当たり前のように書いてある教科書の内容がわからないのは当然だ。
大切なものは書かれていないのだから。そして先生は先生で忙しく、ひとりひとりに気を回せない。だから、みな、悩んでいる。

たったソレだけのことだ。

ムズカシイ文章とは

現代文ができないという人がいる。
いや、日本語なのになぜ?

ひとつには「大学生として読んでもらわなくちゃこまる」文章の話題、語彙についていけない場合。専門用語ばかり使って、専門家しかわからないようにかかれている場合。
もうひとつは、作者が読者にわかりにくい文章を書いている場合がある。具体例やら論理展開がわかりにくい、誰が読んでもわかりにくい文章になっている場合。
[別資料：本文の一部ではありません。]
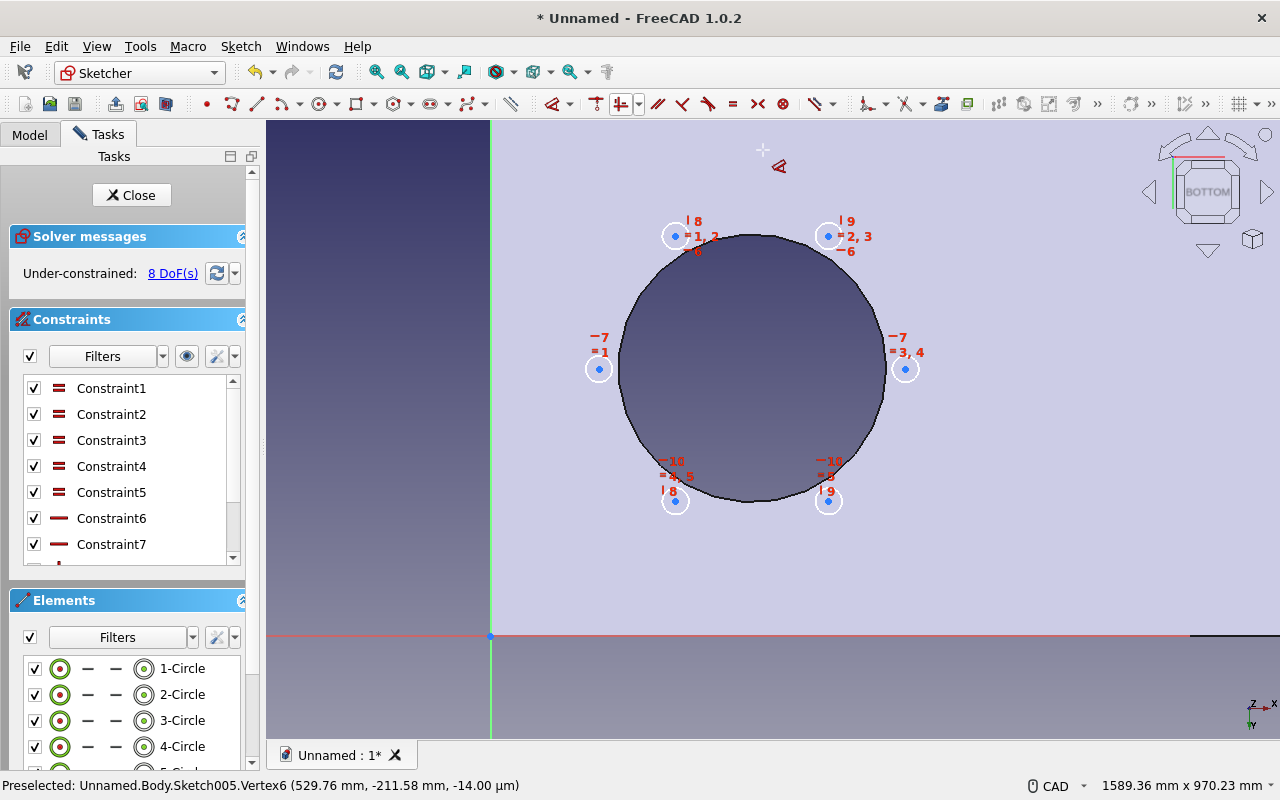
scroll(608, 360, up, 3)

現代文は大学によっても傾向が違う。出題のされ方、問題の出し方でも違う。
記述式も選択式も同じ能力がいるのだが、記述式の方が実力がモロにでる。

おもしろい話がある。
私がどうしても理解できない文章があった。言葉の定義、説明、具体例なしに、次々と話が展開していく文章だ。生徒に「これ、何言ってるかわかる?」ときいたら、答えてくれた。それでも私は何が書かれているのかよくわからない。こういう文章がでてきたら…それこそ「わけのわからないことをいう人とコミュニケーションをとってとにかく問題を解く」という寛大なココロが必要なようだ。現代文は実は、問の良し悪しで「それが解答なの?」という問題もある。とても深い。一筋縄ではいかない。だからこそ自信を持って「大丈夫」だと思えるような現代文の勉強をしてほしい。
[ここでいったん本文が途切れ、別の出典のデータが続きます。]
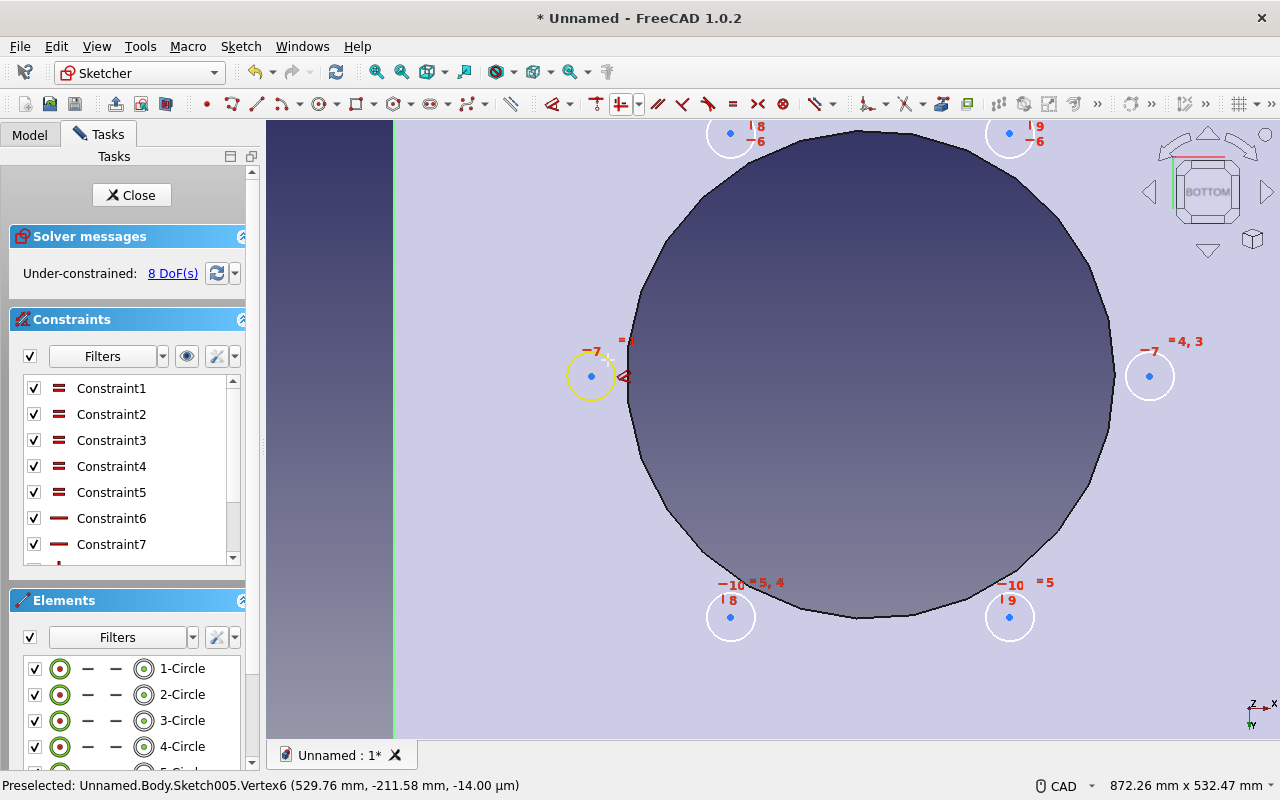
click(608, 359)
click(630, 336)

世の中には、フィーリング読み(なぜそれが答えかと聞かれても答えられない読み方)でちょう高速で文章を読み、答える生徒がいる。
私などは、本当にじっくり、読みふけってしまう。受験生としては、フィーリング、天性の能力があればありがたいのだが。反面、フィーリングで読めない御蔭で私はわかろうわかろうと努力して生徒たちに現代文の読み方を教えることができると思っている。色んな人がいて、おもしろい。